OPENAI_API_KEY = "sk-proj-ltmkMm6qZ8oQCsusN5IOT3BlbkFJmsPopivPYwLtY7jlx5Pl"
client = OpenAI(api_key=OPENAI_API_KEY)


def create_batch_file(index):
    """
    Create batch file that contains json objects, each json object is an api request.
    Args:
        index: i'th batch
    returns:
        The saved jsonl file
    """
    batch_file = f'batch_request/batch_synthetic{index}.jsonl'
    with open(batch_file, 'w') as f:
        count = 0
        # Repeat all 6 conversation examples 100 times to have 600 requests
        for repeat in range(100):
            for i, c in enumerate(conversations):
                conversation_str = str(c)
                messages=[
                    {"role": "system", "content": system_prompt},
                    {"role": "user", "content": f"{conversation_sys_prompt}\n{conversation_str}"}
                ]

                task = {
                    "custom_id": f"synthetic{count}_from_example{i}",
                    "method": "POST",
                    "url": "/v1/chat/completions",
                    "body": {
                        # Chat Completions API call
                        "model": "gpt-4o-mini",
                        "temperature": 1,
                        "max_tokens": 3000,
                        "messages": messages
                    }
                } 

                f.write(json.dumps(task) + '\n')
                count += 1
    return batch_file


def submit_and_retrival(client, batch_file):
    """
    Submit batch api request and retrival result
    Args:
        client: OpenAI client
        count: i'th batch
        batch_file: a jsonl file contains all batch requests
    Returns:
        Save results in files
    """
    # Upload batch file
    batch_input_file = client.files.create(
        file=open(batch_file, "rb"),
        purpose="batch"
    )

    batch_input_file_id = batch_input_file.id

    # Submit batch and start progressing
    sent = client.batches.create(
        input_file_id=batch_input_file_id,
        endpoint="/v1/chat/completions",
        completion_window="24h",
        metadata={
        "description": f"create synthetic conversations {i}"
        }
    )

    batch_id = sent.to_dict()["id"]
    print(f"Batch: {batch_id} submited")

    # Monitor and retrival results
    complete = False
    while not complete:
        res = client.batches.retrieve(batch_id).to_dict()
        status = res["status"]
        completed_counts = res["request_counts"]["completed"]
        if status == "completed":
            complete = True
            output_file_id = res["output_file_id"]
            break
        time.sleep(30)
        print(f"Batch status: {status}, completed: {completed_counts}")
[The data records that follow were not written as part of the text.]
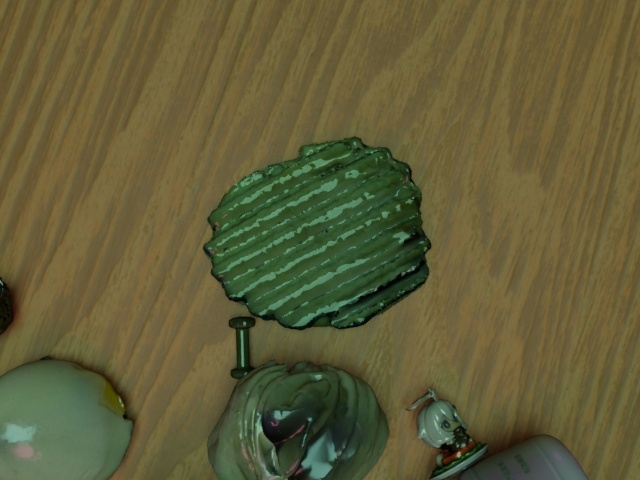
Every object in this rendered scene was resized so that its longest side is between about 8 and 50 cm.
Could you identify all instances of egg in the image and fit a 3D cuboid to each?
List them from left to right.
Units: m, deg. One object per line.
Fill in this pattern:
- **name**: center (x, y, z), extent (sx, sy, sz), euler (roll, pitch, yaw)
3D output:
- **egg**: center (-0.500, 0.358, 1.381), extent (0.286, 0.174, 0.264), euler (22, 91, -3)

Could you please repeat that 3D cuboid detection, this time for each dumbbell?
- **dumbbell**: center (-0.147, 0.204, 1.451), extent (0.052, 0.046, 0.118), euler (-3, 87, 5)

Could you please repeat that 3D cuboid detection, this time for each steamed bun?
- **steamed bun**: center (-0.035, 0.339, 1.348), extent (0.320, 0.206, 0.275), euler (-28, 85, -17)

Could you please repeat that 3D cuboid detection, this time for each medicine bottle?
- **medicine bottle**: center (0.321, 0.515, 1.336), extent (0.325, 0.256, 0.256), euler (-26, 88, -1)

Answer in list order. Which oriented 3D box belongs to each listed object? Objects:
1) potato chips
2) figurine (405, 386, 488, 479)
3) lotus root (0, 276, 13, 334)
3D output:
- **potato chips**: center (0.000, 0.000, 1.453), extent (0.429, 0.070, 0.358), euler (-26, 85, -2)
- **figurine**: center (0.220, 0.354, 1.421), extent (0.132, 0.132, 0.154), euler (-31, 76, -1)
- **lotus root**: center (-0.691, 0.132, 1.415), extent (0.241, 0.123, 0.124), euler (0, 59, 3)

    print(f"Batch: {batch_id} completed")

    # Write raw results to file
    file_response = client.files.content(output_file_id)
    file_response.write_to_file(f"batch_request/batch_synthetic_output{i}.txt")

    with open(f"batch_request/batch_synthetic_output{i}.txt", "r") as f:
        lines = f.read().splitlines()

    # Write the actual synthetic conversations into jsonl file
    with open(f"batch_request/batch_synthetic_conversation{i}.jsonl", "w") as f:
        for line in lines:
            text = json.loads(line)
            result = text["response"]["body"]["choices"][0]["message"]["content"]
            clean_result = result.replace("```json\n", "").replace("\n```", "").replace("null", "None")
            try:
                f.write(json.dumps(eval(clean_result)) + '\n')
            except:
                print(clean_result)


# Do it in batches
for i in range(num_batches):
    batch_file = create_batch_file(i)
    submit_and_retrival(client, i, batch_file=batch_file)

In [None]:
# List all submited batches and check their status
client.batches.list().dict()

### Combine all results as dataset in sharGPT format

In [8]:
import glob
import json

conversations = []
for file in glob.glob(f'batch_request/batch_synthetic_conversation*.jsonl'):
    with open(file, "r") as f:
        conversations = conversations + [json.loads(line) for line in f.read().splitlines()]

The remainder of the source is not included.